Throughout my life, whenever a TV commercial came on that involved a skimpily clad girl, he’d point to the painting and say, “Glory, don’t believe what you see.” He’d point. “That’s what a real woman looks like.” Or something like that.
I couldn’t remember how long he’d been saying this to me, but I couldn’t remember a time when he wasn’t saying it, so I bet it was since the very beginning. It was all he’d ever say when I’d turn on the TV. Wrinkle cream. Makeup. Clothing. Nail polish. Posh chocolates. Cars. Beer. Sofas. Shampoo. Toothpaste. Casinos. Gym memberships. Shoes. Pills. Diets. Cat food. Every commercial that tried to sell me the real world that wasn’t real, he’d point and say it.
The woman in the painting was fleshy and had hips. She was thick legged. Her breasts had real shape—not like Aunt Amy’s squishy softballs. She didn’t have ridiculously long eyelashes and she didn’t have tan lines. She just was.
“You need me?” Dad said.
“Just looking at the woman,” I said. I’d wondered for years if the woman in the painting was Darla, but I knew Darla didn’t look like her at all.
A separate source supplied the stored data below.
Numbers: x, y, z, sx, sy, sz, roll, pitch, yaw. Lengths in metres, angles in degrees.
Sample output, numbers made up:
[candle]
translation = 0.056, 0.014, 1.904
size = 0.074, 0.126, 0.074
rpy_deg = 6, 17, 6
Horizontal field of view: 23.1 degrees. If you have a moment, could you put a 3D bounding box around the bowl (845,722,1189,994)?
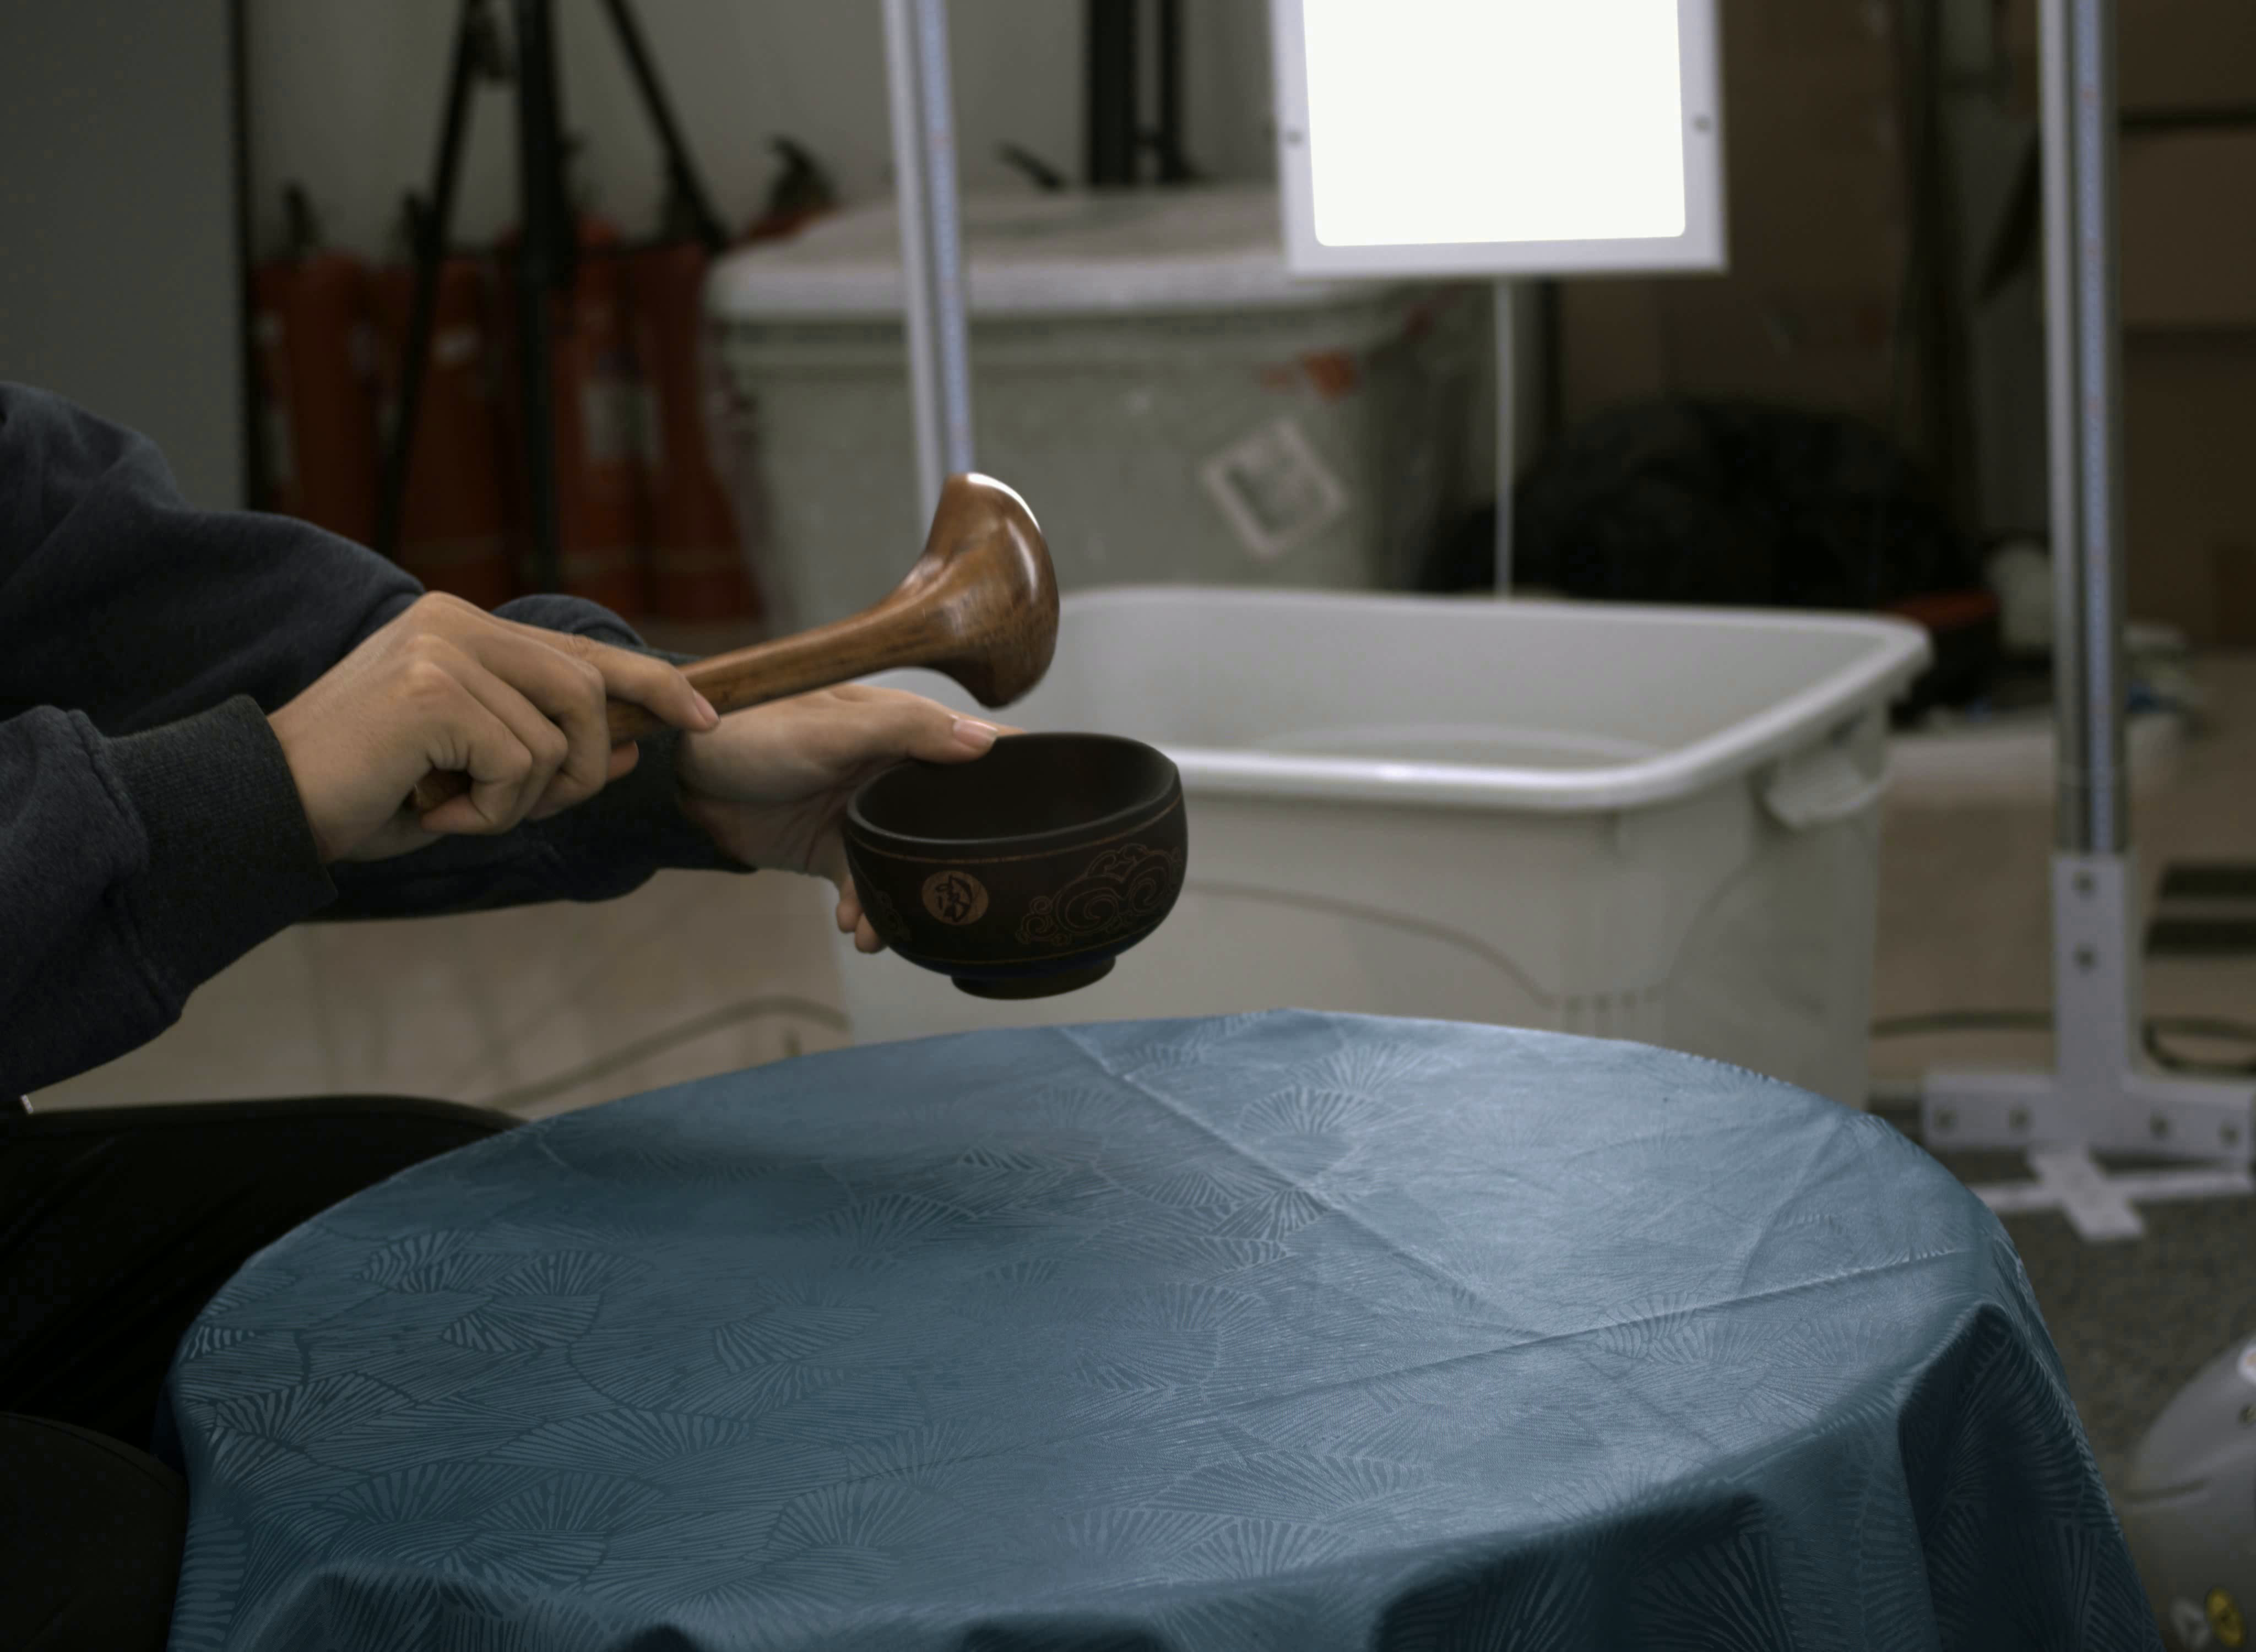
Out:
[bowl]
translation = -0.036, 0.015, 1.896
size = 0.118, 0.070, 0.118
rpy_deg = -7, 19, 1

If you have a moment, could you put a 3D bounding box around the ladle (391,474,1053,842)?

Darla was skinny and had long hair she often tied into braided pigtails.
“You okay?” he asked.
“Never better,” I lied.
“You doing anything fun tomorrow?” he asked.
“Sure. Fun.” I said, and went upstairs and made a pact with myself not to go to Ellie’s the next day. I remembered the line about habits. The first step to breaking one is admitting you have a problem.
I had other things to do. I’d taken so many pictures in the last week, I wanted to get them into my sketchbook.
I had three sketchbooks now—full of computer-printed digital pictures. I wished I could print real pictures but Dad still wouldn’t let me into Darla’s darkroom and the last time I’d asked, he looked so hurt I couldn’t bring myself to push it.
I’d named this sketchbook The Origin of Everything. Dad had given me a blank sketchbook every year for Christmas and my birthday since I started taking pictures. He showed me one he made back when he still cared about art. It was a mix of everything creative—pictures, drawings, ideas, writing. He said it would help me work out my feelings. I didn’t ask him why he didn’t keep sketchbooks anymore. It was obvious he wasn’t working out anything.
The Origin of Everything was almost finished. I only had a few more pages to fill.
I printed and pasted Empty Jar. Beneath it I wrote EMPTY JAR.
I printed and pasted Empty Bus. Beneath it I wrote NO SEAT BELTS.
I printed and pasted Ugly, Empty Chair. Beneath it I wrote NEEDS NEW UPHOLSTERY.
I printed and pasted a random picture of a group of seniors who’d asked me to take their picture the day before. I wrote THIS IS WHAT NORMAL PEOPLE LOOK LIKE.
When I slipped into bed, I thought about how even though Woman wasn’t Darla, she was somehow teaching me stuff all along. I still thought about the fight I’d heard between Ellie and Rick. I didn’t think about college or getting a job. I didn’t think about anything past tomorrow because anything past tomorrow was just like cloudbusting—it depended solely upon the person looking at the clouds and it could rain any minute.